One of France’s most-garlanded authors and a prominent feminist voice, Annie Ernaux, has been awarded the Nobel prize in literature.
The announcement was made by the Swedish Academy in Stockholm on Thursday.
The Academy said Ernaux was recognised because she “consistently and from different angles examines a life marked by strong disparities regarding gender, language, and class”.
In his remarks after the award announcement, Anders Olsson, chairman of the Nobel literature committee, said the 82-year-old author is “an extremely honest writer who is not afraid to confront the hard truths.”
“She writes about things that no one else writes about, for instance, her abortion, her jealousy, her experiences as an abandoned lover and so forth. I mean, really hard experiences.
“And she gives words for these experiences that are very simple and striking.
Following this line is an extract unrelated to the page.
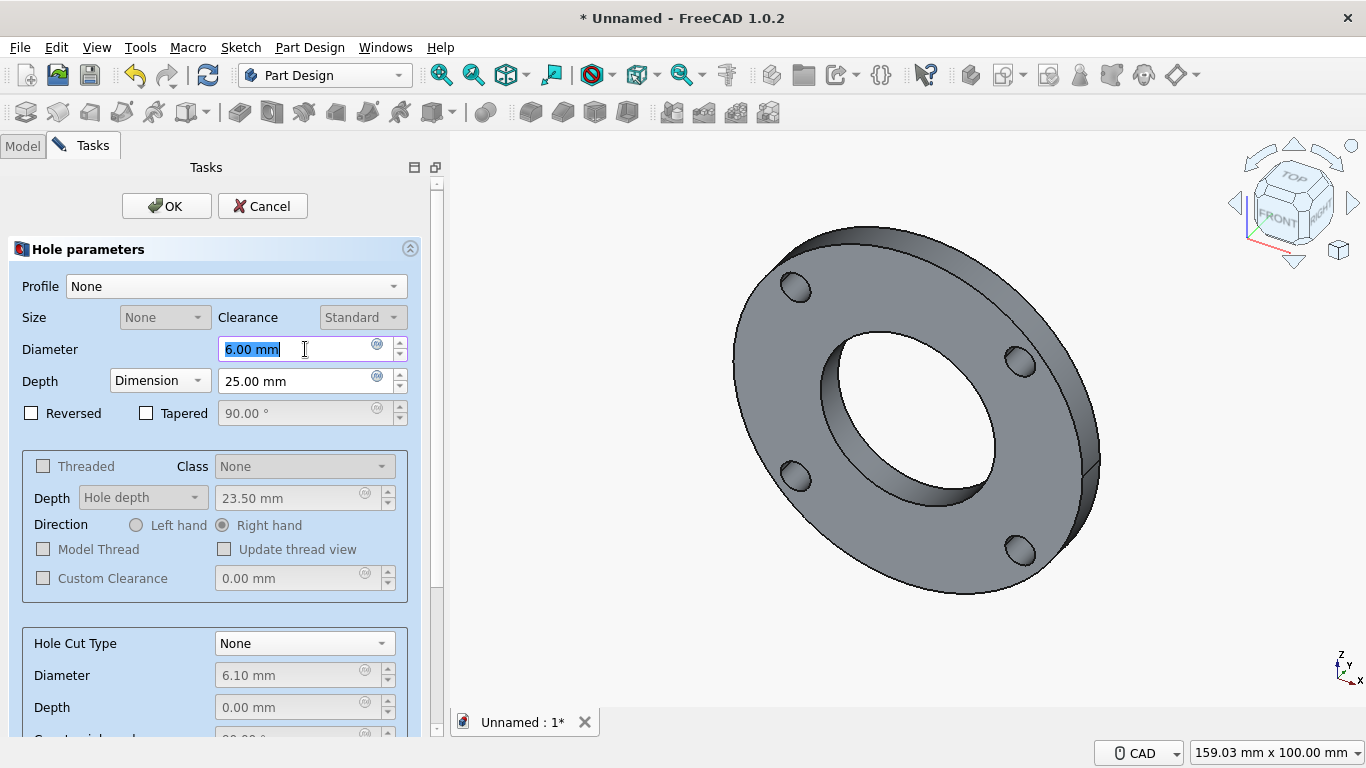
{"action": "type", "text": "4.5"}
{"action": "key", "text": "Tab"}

They are short books, but they are really moving.”
Ernaux’s autobiographical books probe deeply personal experiences and feelings—love, sex, abortion, shame—within a society split by gender and class divisions.
Her books, including A Man’s Place and A Woman’s Story, are considered to be contemporary classics in France.
Ernaux said she was happy to have won the prize. She said it was “a great honour”, and described it as “a great responsibility”.
Ernaux is the first French writer to win the award. She is the 17th woman to win the prestigious prize, out of 119 literature laureates since the first Nobel was awarded in 1901.